• WORK ORDER
Reproduce word for word the lines between those holding "h.set_pattern_fill('ANSI31', color=256, scale=25.4, style=0)" and "edge.add_line((-9.22, 267.48), (-9.22, 212.83))", inclusive, and nothing else from the data below.

**** MATERIAL SUPPLIED

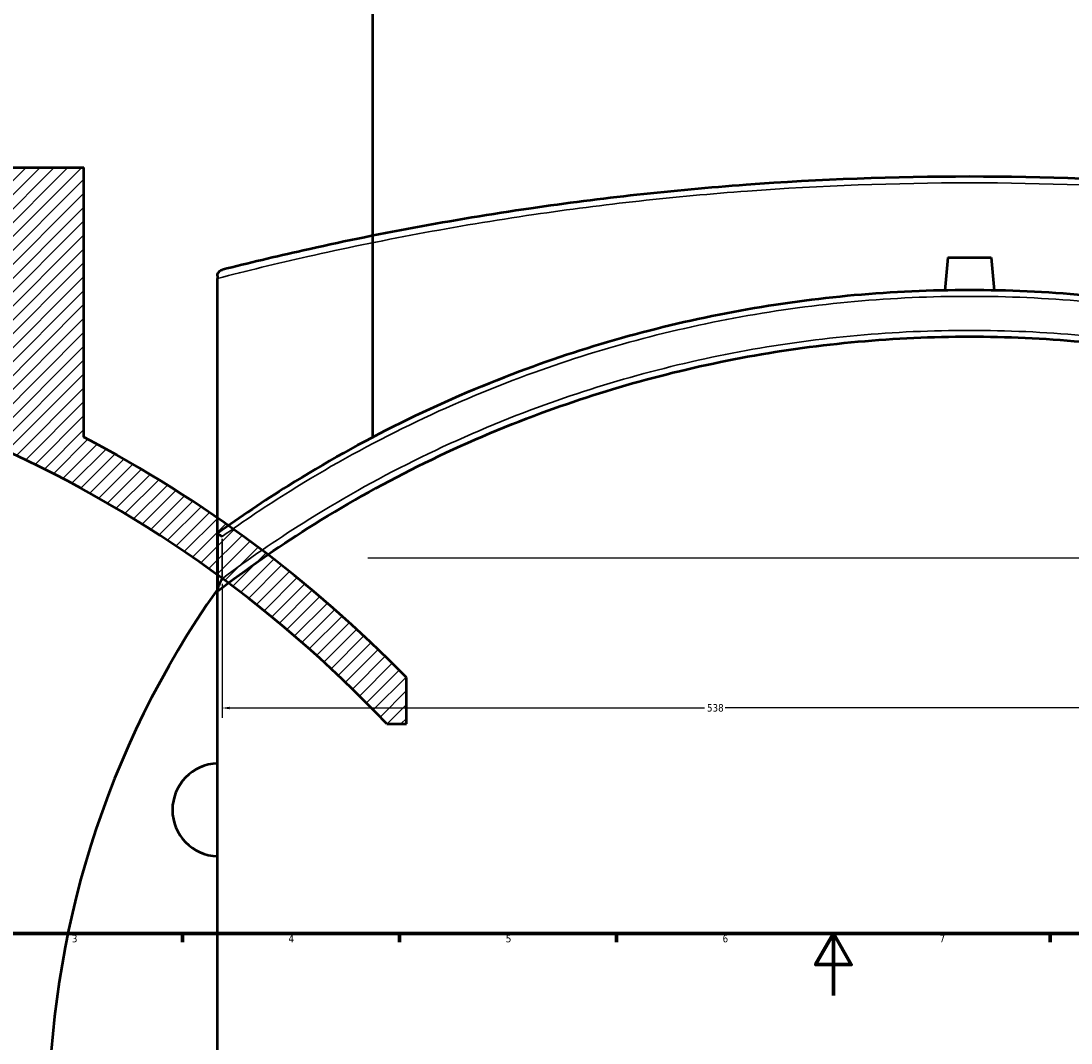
# Model space of a CAD drawing. Header units: millimetres. Extents: x -674 to 1234, y -345 to 975.
# Tile 6 of 13: x 158 to 497, y -15 to 315. Entities that reach past the tile are written whole.
import ezdxf

# ---------------------------------------------------------------- set-up
doc = ezdxf.new("R2010")
doc.units = ezdxf.units.MM
for name, color, linetype, lineweight in [('Border (ANSI)', 7, 'Continuous', 70), ('Dimension (ANSI)', 7, 'Continuous', 25), ('Hatch (ANSI)', 7, 'Continuous', 18), ('Sketch Geometry (ANSI)', 7, 'Continuous', 25), ('Visible (ANSI)', 7, 'Continuous', 50), ('Visible Narrow (ANSI)', 7, 'Continuous', 35)]:
    doc.layers.add(name, color=color, linetype=linetype, lineweight=lineweight)
doc.styles.add('Note Text (ANSI)', font='tahoma.ttf')
doc.dimstyles.new('Default - mm (ANSI)', dxfattribs={"dimtxt": 2.4, "dimasz": 2.5, "dimexe": 3.175, "dimexo": 1.6002, "dimgap": 0.8, "dimtad": 0, "dimtoh": 1, "dimdec": 0, "dimrnd": 1e-08, "dimzin": 4, "dimdsep": 46, "dimtxsty": 'Note Text (ANSI)', "dimcen": 0.09, "dimdle": 10, "dimclrd": 256, "dimclre": 256, "dimclrt": 5, "dimadec": 1, "dimazin": 1, "dimtfac": 1.27, "dimtofl": 0, "dimtmove": 0, "dimatfit": 3, "dimfxl": 1, "dimtolj": 1, "dimtzin": 4, "dimlwd": -1, "dimlwe": -1, "dimarcsym": 0})

# ---------------------------------------------------------------- blocks, each defined once
blk = doc.blocks.new('Borders Default Border')
at = {"layer": 'Border (ANSI)'}
for p, q in [((210.25, 20), (210.25, 17.2)), ((280.33, 20), (280.33, 17.2)), ((350.42, 20), (350.42, 17.2)), ((490.58, 20), (490.58, 17.2))]:
    blk.add_line(p, q, dxfattribs=at)
at = {"layer": 'Border (ANSI)', "flags": 128}
for points in [[(20, 20), (20, 574), (821, 574), (821, 20), (20, 20)], [(420.5, 0), (420.5, 20), (414.73, 10), (426.27, 10), (420.5, 20)]]:
    blk.add_lwpolyline(points, dxfattribs=at)
at = {"layer": 'Border (ANSI)', "color": 5, "true_color": 0x0000ff, "char_height": 2.4, "attachment_point": 7, "style": 'Note Text (ANSI)'}
for s, insert in [('3', (174.46, 17.15)), ('4', (244.45, 17.2)), ('5', (314.67, 17.15)), ('6', (384.69, 17.15)), ('7', (454.8, 17.2))]:
    blk.add_mtext(s, dxfattribs=dict(at, insert=insert))
blk = doc.blocks.new('*D6')
at = {"layer": 'Defpoints', "color": 0, "transparency": 16777216}
for p in [(222.99, 134.61), (761.48, 102.72), (761.48, 92.88)]:
    blk.add_point(p, dxfattribs=at)
at = {"layer": 'Dimension (ANSI)', "transparency": 16777216}
for p, q in [((222.99, 133.01), (222.99, 89.7)), ((225.49, 92.88), (378.85, 92.88)), ((758.98, 92.88), (385.54, 92.88))]:
    blk.add_line(p, q, dxfattribs=at)
for points in [[(225.49, 93.29), (225.49, 92.46), (222.99, 92.88)], [(758.98, 93.29), (758.98, 92.46), (761.48, 92.88)]]:
    blk.add_solid(points, dxfattribs=at)
at = {"layer": 'Dimension (ANSI)', "color": 5, "transparency": 16777216, "insert": (379.65, 94.13), "char_height": 2.4, "attachment_point": 1, "style": 'Note Text (ANSI)'}
blk.add_mtext('\\A1;538', dxfattribs=at)

msp = doc.modelspace()

# ---------------------------------------------------------------- hatches: boundary and pattern name
at = {"layer": 'Hatch (ANSI)'}
h = msp.add_hatch(dxfattribs=at)
h.set_pattern_fill('ANSI31', color=256, scale=25.4, style=0)
h.set_pattern_definition([(45, (0, 0), (-2.245064, 2.245064), [])])
edge = h.paths.add_edge_path()
edge.add_line((149.08, 267.48), (149.08, 194.3))
edge.add_ellipse((-14.42, -187.14), major_axis=(-381.44, 163.5), ratio=1, start_angle=270, end_angle=292.0976)
edge.add_line((-6.42, 227.78), (-6.42, 267.48))
edge.add_line((-6.42, 267.48), (-9.22, 267.48))
edge.add_line((-9.22, 267.48), (-9.22, 212.83))
edge.add_ellipse((-14.42, -187.14), major_axis=(399.97, -5.2), ratio=1, start_angle=44.1488, end_angle=90, ccw=False)
edge.add_line((276.2, 87.72), (282.58, 87.72))
edge.add_line((282.58, 87.72), (282.58, 102.72))
edge.add_ellipse((-14.42, -187.14), major_axis=(-289.86, 297), ratio=1, start_angle=270, end_angle=288.0146)
edge.add_line((178.38, 180.36), (178.38, 267.48))
edge.add_line((178.38, 267.48), (149.08, 267.48))
edge = h.paths.add_edge_path()
edge.add_line((-177.92, 194.3), (-177.92, 267.48))
edge.add_line((-177.92, 267.48), (-207.22, 267.48))
edge.add_line((-207.22, 267.48), (-207.22, 180.36))
edge.add_ellipse((-14.42, -187.14), major_axis=(-367.5, -192.8), ratio=1, start_angle=270, end_angle=278.1584)
edge.add_line((-257.42, 149.28), (-257.42, 130.59))
edge.add_ellipse((-14.42, -187.14), major_axis=(317.73, 243), ratio=1, start_angle=53.3359, end_angle=90, ccw=False)
edge.add_line((-19.62, 212.83), (-19.62, 267.48))
edge.add_line((-19.62, 267.48), (-22.42, 267.48))
edge.add_line((-22.42, 267.48), (-22.42, 227.78))
edge.add_ellipse((-14.42, -187.14), major_axis=(-414.92, -8), ratio=1, start_angle=270, end_angle=292.0976)

# ---------------------------------------------------------------- linework, layer by layer
at = {"layer": 'Sketch Geometry (ANSI)'}
msp.add_line((270.13, 141.35), (689.93, 141.35), dxfattribs=at)
at = {"layer": 'Visible (ANSI)'}
for p, q in [((271.68, 180.36), (271.68, 397.86)), ((149.08, 267.48), (178.38, 267.48)), ((178.38, 180.36), (178.38, 267.48)), ((457.48, 238.46), (456.55, 227.78)), ((457.48, 238.46), (471.48, 238.46)), ((471.48, 238.46), (472.42, 227.78)), ((221.48, 232.46), (221.48, 231.64)), ((221.48, -312.6), (221.48, 231.64)), ((221.48, 149.28), (221.48, 149.26)), ((221.48, 149.26), (221.48, 130.79)), ((221.48, 130.79), (221.48, 130.59)), ((282.58, 87.72), (282.58, 102.72)), ((276.2, 87.72), (282.58, 87.72))]:
    msp.add_line(p, q, dxfattribs=at)
for centre, radius, start, end in [((-14.42, -187.14), 400, 43.404, 89.2551), ((-14.42, -187.14), 415, 44.3025, 62.3171), ((464.48, -40.48), 297.5, 144.7664, 215.2336), ((221.96, 59.97), 15, 91.84, 268.16)]:
    msp.add_arc(centre, radius, start, end, dxfattribs=at)
for points, knots in [([(705.97, 234.4), (697.49, 236.55), (688.75, 238.65), (656.67, 245.85), (631.99, 250.5), (583.73, 257.53), (560.43, 260.12), (512.91, 263.62), (488.7, 264.52), (464.48, 264.52), (440.27, 264.52), (416.06, 263.62), (368.54, 260.12), (345.23, 257.53), (296.98, 250.5), (272.31, 245.85), (240.23, 238.65), (231.48, 236.55), (222.99, 234.4)], [7.290022, 7.290022, 7.290022, 7.290022, 10.527707, 10.527707, 18.854859, 18.854859, 26.10379, 26.10379, 33.352725, 33.352725, 33.352725, 40.601661, 40.601661, 47.850592, 47.850592, 56.176018, 56.176018, 59.41541, 59.41541, 59.41541, 59.41541]), ([(221.48, 232.46), (221.48, 232.62), (221.5, 232.77), (221.58, 233.1), (221.65, 233.3), (221.91, 233.73), (222.09, 233.92), (222.5, 234.23), (222.74, 234.34), (222.99, 234.4), (222.99, 234.4), (222.99, 234.4)], [-0.4963057, -0.4963057, -0.4963057, -0.4963057, -0.4274153, -0.4274153, -0.3172593, -0.3172593, -0.1683617, -0.1683617, 0, 0, 0.0013923, 0.0013923, 0.0013923, 0.0013923]), ([(706.65, 149.88), (699.48, 155.03), (692.13, 159.96), (661.14, 179.36), (636.08, 191.75), (586.86, 210.17), (562.94, 216.77), (514.18, 225.62), (489.33, 227.86), (464.48, 227.86), (439.64, 227.86), (414.79, 225.62), (366.02, 216.77), (342.11, 210.17), (292.88, 191.75), (267.82, 179.35), (236.54, 159.78), (228.92, 154.65), (221.48, 149.28)], [-55.372293, -55.372293, -55.372293, -55.372293, -52.679218, -52.679218, -44.255026, -44.255026, -36.836931, -36.836931, -29.418831, -29.418831, -29.418831, -22.000731, -22.000731, -14.582636, -14.582636, -6.157856, -6.157856, -3.360842, -3.360842, -3.360842, -3.360842]), ([(221.48, 130.59), (230.91, 137.8), (240.66, 144.59), (273.65, 165.45), (298.16, 177.67), (346.07, 195.67), (369.21, 202.09), (416.4, 210.68), (440.44, 212.86), (464.48, 212.86), (488.53, 212.86), (512.57, 210.68), (559.76, 202.09), (582.9, 195.67), (630.82, 177.67), (655.32, 165.45), (687.18, 145.3), (695.86, 139.32), (704.28, 133.01)], [-59.826913, -59.826913, -59.826913, -59.826913, -56.176018, -56.176018, -47.850592, -47.850592, -40.601661, -40.601661, -33.352725, -33.352725, -33.352725, -26.10379, -26.10379, -18.854859, -18.854859, -10.527707, -10.527707, -7.290022, -7.290022, -7.290022, -7.290022]), ([(222.99, 148.25), (222.99, 148.25), (222.99, 148.26), (222.79, 148.36), (222.61, 148.46), (222.27, 148.66), (222.12, 148.75), (221.82, 148.94), (221.69, 149.04), (221.53, 149.18), (221.48, 149.23), (221.48, 149.26)], [-0.2846866, -0.2846866, -0.2846866, -0.2846866, -0.2839751, -0.2839751, -0.2174853, -0.2174853, -0.1521573, -0.1521573, -0.0721248, -0.0721248, 0, 0, 0, 0]), ([(221.48, 130.79), (221.48, 130.87), (221.5, 130.97), (221.58, 131.28), (221.65, 131.52), (221.91, 132.22), (222.09, 132.66), (222.5, 133.59), (222.74, 134.1), (222.99, 134.6), (222.99, 134.61), (222.99, 134.61)], [-0.4963057, -0.4963057, -0.4963057, -0.4963057, -0.4274153, -0.4274153, -0.3172593, -0.3172593, -0.1683617, -0.1683617, 0, 0, 0.0013923, 0.0013923, 0.0013923, 0.0013923])]:
    msp.add_open_spline(points, degree=3, knots=knots, dxfattribs=at)
at = {"layer": 'Visible Narrow (ANSI)'}
msp.add_line((222.99, 135.29), (222.99, 147.57), dxfattribs=at)
for points, knots in [([(221.48, 231.64), (230.91, 234.08), (240.66, 236.45), (273.65, 243.88), (298.16, 248.53), (346.07, 255.54), (369.21, 258.13), (416.4, 261.62), (440.44, 262.52), (464.48, 262.52), (488.53, 262.52), (512.57, 261.62), (559.76, 258.13), (582.9, 255.54), (630.82, 248.53), (655.32, 243.88), (687.18, 236.7), (695.86, 234.61), (704.28, 232.46)], [-59.826913, -59.826913, -59.826913, -59.826913, -56.176018, -56.176018, -47.850592, -47.850592, -40.601661, -40.601661, -33.352725, -33.352725, -33.352725, -26.10379, -26.10379, -18.854859, -18.854859, -10.527707, -10.527707, -7.290022, -7.290022, -7.290022, -7.290022]), ([(222.99, 148.25), (230.15, 153.38), (237.47, 158.29), (268.37, 177.59), (293.36, 189.93), (342.45, 208.26), (366.3, 214.83), (414.93, 223.63), (439.71, 225.86), (464.48, 225.86), (489.26, 225.86), (514.04, 223.63), (562.67, 214.83), (586.52, 208.26), (635.6, 189.93), (660.59, 177.59), (691.49, 158.29), (698.82, 153.38), (705.97, 148.25)], [3.465156, 3.465156, 3.465156, 3.465156, 6.157856, 6.157856, 14.582636, 14.582636, 22.000731, 22.000731, 29.418831, 29.418831, 29.418831, 36.836931, 36.836931, 44.255026, 44.255026, 52.679218, 52.679218, 55.372293, 55.372293, 55.372293, 55.372293]), ([(705.97, 134.61), (697.49, 140.95), (688.75, 146.96), (656.67, 167.21), (631.99, 179.49), (583.73, 197.59), (560.43, 204.03), (512.91, 212.67), (488.7, 214.86), (464.48, 214.86), (440.27, 214.86), (416.06, 212.67), (368.54, 204.03), (345.23, 197.59), (296.98, 179.49), (272.31, 167.21), (240.23, 146.97), (231.48, 140.95), (222.99, 134.61)], [7.290022, 7.290022, 7.290022, 7.290022, 10.527707, 10.527707, 18.854859, 18.854859, 26.10379, 26.10379, 33.352725, 33.352725, 33.352725, 40.601661, 40.601661, 47.850592, 47.850592, 56.176018, 56.176018, 59.41541, 59.41541, 59.41541, 59.41541])]:
    msp.add_open_spline(points, degree=3, knots=knots, dxfattribs=at)

# ---------------------------------------------------------------- block references
msp.add_blockref('Borders Default Border', (0, 0))

# ---------------------------------------------------------------- dimensions: what is measured, and where the dimension line sits
at = {"layer": 'Dimension (ANSI)'}
dim = msp.add_linear_dim(base=(761.48, 92.88), p1=(222.99, 134.61), p2=(761.48, 102.72), angle=180, dimstyle='Default - mm (ANSI)', override={"dimgap": 0.8, "dimtoh": 0, "dimdec": 0, "dimse2": 1, "dimtol": 0, "dimlim": 0, "dimtp": 0, "dimtm": 0, "dimtdec": 2, "dimatfit": 1}, dxfattribs=at)
dim.commit()
dim.dimension.update_dxf_attribs({"geometry": '*D6', "text_midpoint": (382.2, 92.88), "dimtype": 160})

doc.saveas('drawing.dxf')

********

• REPLY
h.set_pattern_fill('ANSI31', color=256, scale=25.4, style=0)
h.set_pattern_definition([(45, (0, 0), (-2.245064, 2.245064), [])])
edge = h.paths.add_edge_path()
edge.add_line((149.08, 267.48), (149.08, 194.3))
edge.add_ellipse((-14.42, -187.14), major_axis=(-381.44, 163.5), ratio=1, start_angle=270, end_angle=292.0976)
edge.add_line((-6.42, 227.78), (-6.42, 267.48))
edge.add_line((-6.42, 267.48), (-9.22, 267.48))
edge.add_line((-9.22, 267.48), (-9.22, 212.83))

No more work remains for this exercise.